After removing every image, reproduce the data exactly as it appears.
(Study material Opens)
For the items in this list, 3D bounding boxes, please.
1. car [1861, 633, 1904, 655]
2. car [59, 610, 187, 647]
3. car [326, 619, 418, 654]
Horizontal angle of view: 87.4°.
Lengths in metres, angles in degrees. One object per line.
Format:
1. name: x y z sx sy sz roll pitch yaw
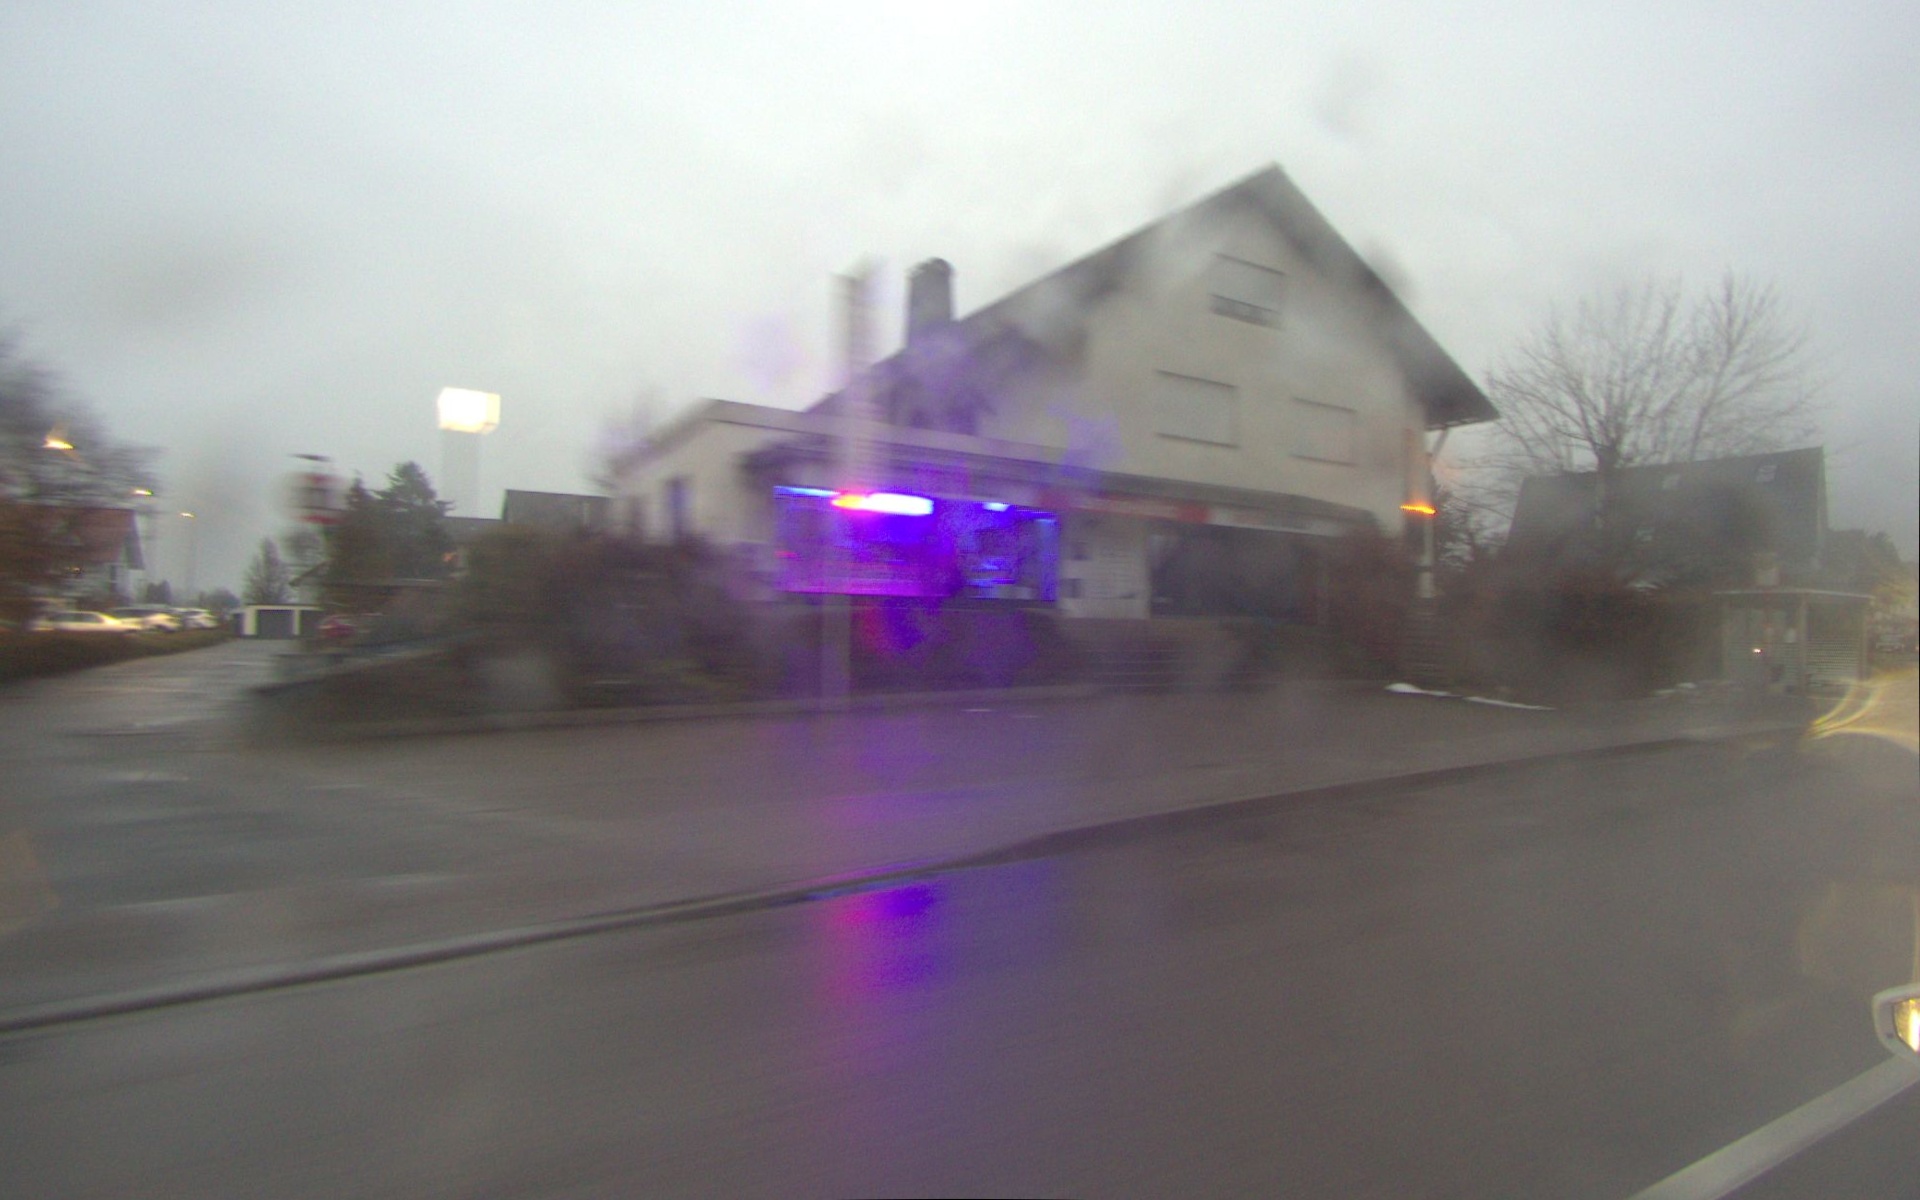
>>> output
1. car: 66.811 3.179 72.798 1.754 1.411 3.987 2 -1 35
2. car: -40.783 1.358 49.100 4.463 1.662 1.922 0 2 -29
3. car: -25.086 1.553 42.911 3.337 1.350 1.425 2 2 -32
(Study material Closes)
Completed task:
For the items in this list, 3D bounding boxes, please.
1. car [1861, 633, 1904, 655]
2. car [59, 610, 187, 647]
3. car [326, 619, 418, 654]
Horizontal angle of view: 87.4°.
Lengths in metres, angles in degrees. One object per line.
Format:
1. name: x y z sx sy sz roll pitch yaw
>>> output
1. car: 66.811 3.179 72.798 1.754 1.411 3.987 2 -1 35
2. car: -40.783 1.358 49.100 4.463 1.662 1.922 0 2 -29
3. car: -25.086 1.553 42.911 3.337 1.350 1.425 2 2 -32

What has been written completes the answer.